Since this is "user defined", it is incompatible with the return type of standard library functions, so they must either be handled in the typical manner or with explicit casts.

Thinking about how to define and use boolean types in C reveals an important lesson about the "safe" use of C. That is: Avoid comparisons to TRUE (or eTRUE or whatever). Since zero will always be "false", comparisons with FALSE will always work.

Tuesday, January 03, 2012

Fitting a Round Peg into a Square Hole

I received an iPod nano for Christmas. It's just what I wanted but I was not looking forward to moving the 400+ albums I had in Windows Media Player - complete with album art - into iTunes. My anxiety was warranted: the result was a disaster. So, I took the opportunity to completely re-rip my entire CD library into iTunes. I chose to keep working with the mp3 format but bumped up the resolution from 128 kbps to 192 kbps. I must say that iTunes seems to do a slightly better job of finding album art than WMP, though I still found many albums for which I had to manually paste an image (either found on the web or scanned from the original).
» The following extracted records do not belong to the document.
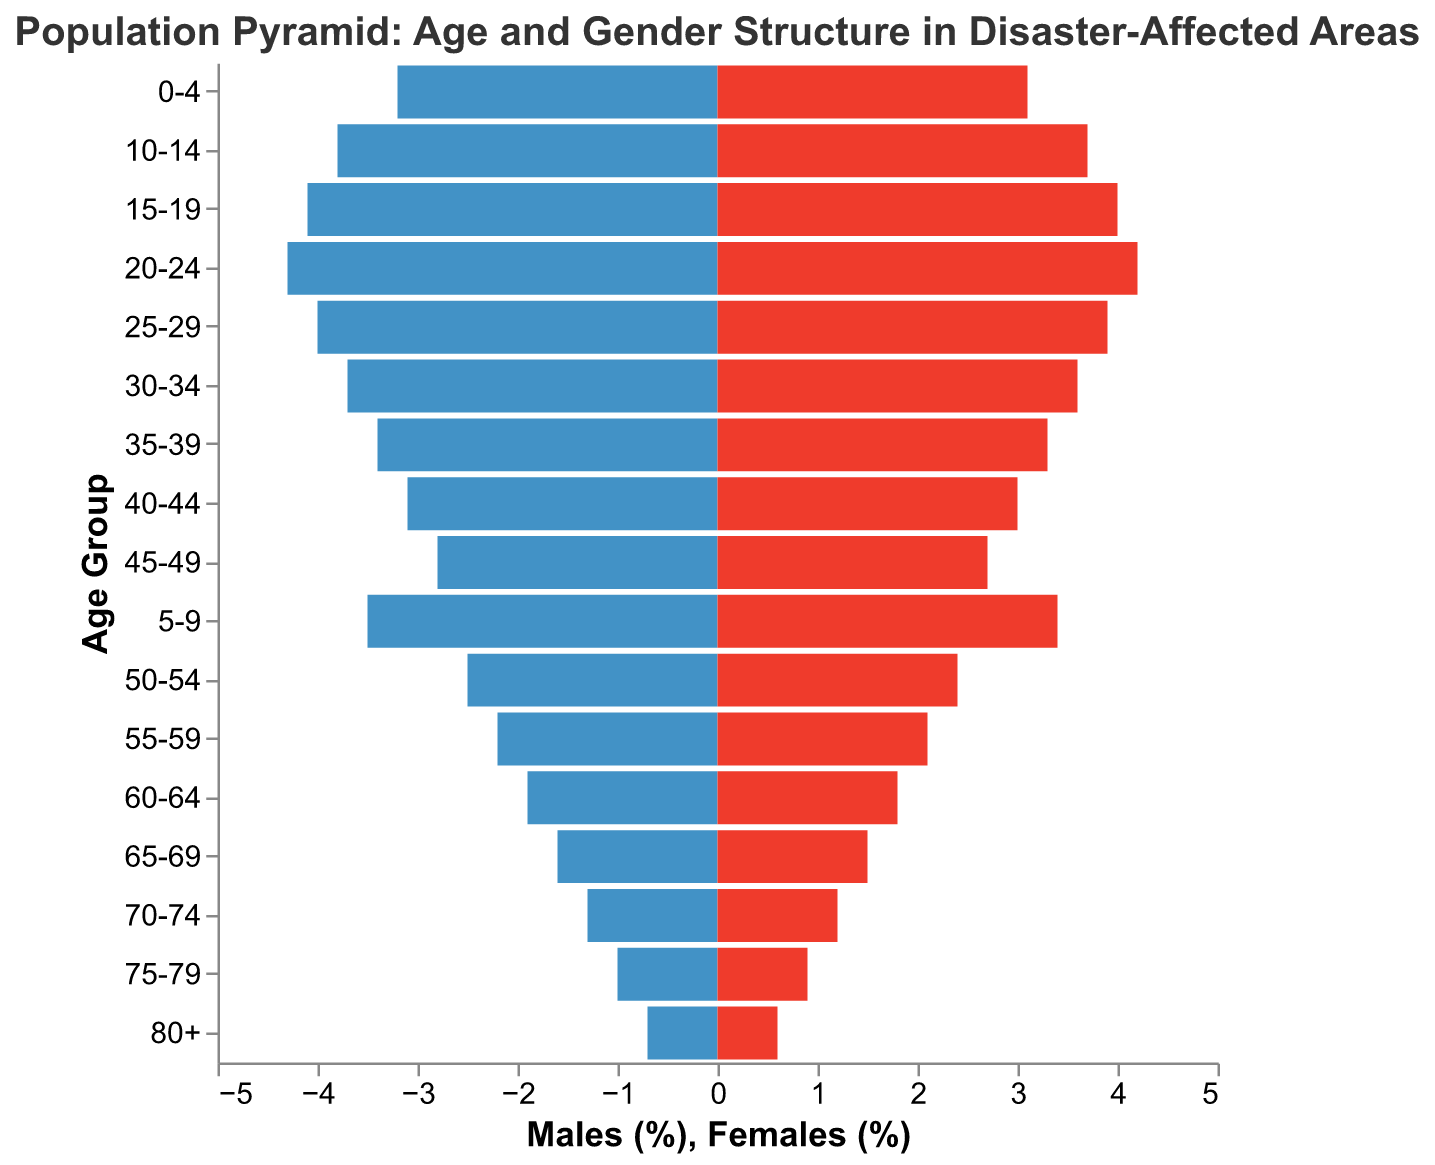What age group has the highest percentage of males? The age group with the highest percentage of males is identified by looking at the left bars that extend farthest to the left. The "20-24" age group has the longest bar in the negative direction.
Answer: 20-24 What age group has the highest percentage of females? The age group with the highest percentage of females is identified by looking at the right bars that extend farthest to the right. The "20-24" age group has the longest bar in the positive direction.
Answer: 20-24 Is there more population in the age group 0-4 or 70-74? To determine which age group has more population, compare the combined lengths of the male and female bars for each age group. For age group 0-4, both males and females add up to 6.3%. For age group 70-74, both males and females add up to 2.5%.
Answer: 0-4 Which age group shows the largest gender difference? The largest gender difference can be found by calculating the difference between the male and female percentages for each age group. The largest difference is observed in the "0-4" age group where males are 3.2% and females are 3.1%, indicating a 0.1% difference.
Answer: 0-4 How does the percentage of individuals aged 50-54 compare between males and females? Compare the percentages in the 50-54 age group on both sides of the pyramid. Males are at 2.5% and females are at 2.4%.
Answer: Males have a slightly higher percentage than females What’s the combined population percentage of individuals aged 40-49? To find the combined population percentage, add up both male and female percentages for the age groups "40-44" and "45-49." (3.1% + 3.0%) + (2.8% + 2.7%) = 11.6%
Answer: 11.6% How does the population percentage of those aged 15-19 compare to those aged 65-69? Compare the combined percentages for males and females in both age groups. For 15-19, it is 4.1% + 4.0% = 8.1%. For 65-69, it is 1.6% + 1.5% = 3.1%.
Answer: 15-19 has a higher percentage What can be inferred about the gender distribution within the 30-34 age group? For this age group, the percentage for males is 3.7% and for females is 3.6%. Since the values are almost equal, it indicates a nearly balanced gender distribution.
Answer: Nearly balanced How does the population percentage decline from age group 25-29 to 80+ for both genders? To understand the decline, compare the initial percentage of 25-29 (4.0% males, 3.9% females) with the final percentage of 80+ (0.7% males, 0.6% females). The decline in percentage can be observed visually as well as numerically.
Answer: Declines from 4.0%/3.9% to 0.7%/0.6% respectively

Wednesday, February 10, 2010

Resurrection?

Wow - over two years since my last post here ... wondering if I really have anything to say. Maybe I'm just a little paranoid about putting myself too "out there" on the Web, afraid to voice a disagreeable opinion or to be judged in an unfavorable light. I've witnessed too many "flame wars" ignited and fueled by thoughtless comments and want no part of that childish game. So it's safer to remain a lurker in the shadows. But - what the hell? - nothing ventured, nothing gained.

Random thoughts for today:

I tried Twitter for a short time. I can see its appeal but I had little to say and became overwhelmed with the influx of short messages from those I was following. Tried TweetDeck to get some sort of grip on the volume but the whole thing just became a time vacuum. So I deleted my account and I haven't missed out on anything important yet.
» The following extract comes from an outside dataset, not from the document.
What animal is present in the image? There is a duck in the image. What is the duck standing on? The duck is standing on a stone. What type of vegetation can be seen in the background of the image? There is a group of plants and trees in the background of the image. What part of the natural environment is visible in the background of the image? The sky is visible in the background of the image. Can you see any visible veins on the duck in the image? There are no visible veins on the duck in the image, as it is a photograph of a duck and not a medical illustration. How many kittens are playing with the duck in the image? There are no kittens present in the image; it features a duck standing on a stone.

I do have a presence on LinkedIn. My network isn't that big but the service does keep me connected to my career industry.

I uploaded a bunch of stuff to my photostream on flickr - mostly recent art work from my participation on wetcanvas.com.

The Inter-Urban Industrial has been disassembled and moved twice in the last two years. I need to get some new pictures up on Flickr.

Monday, January 08, 2007

Railroad Update

The pictures are here!

The current state of my small N-gauge empire can be seen here.

Tuesday, February 07, 2006

House of Leaves

I've gotten tied up in reading House of Leaves by Mark Z. Danielewski. What an incredible work of literature! I'm about 3/4 of the way through and I'm thinking I'll have to re-read it immediately to get the full effect; there are so many mysteries.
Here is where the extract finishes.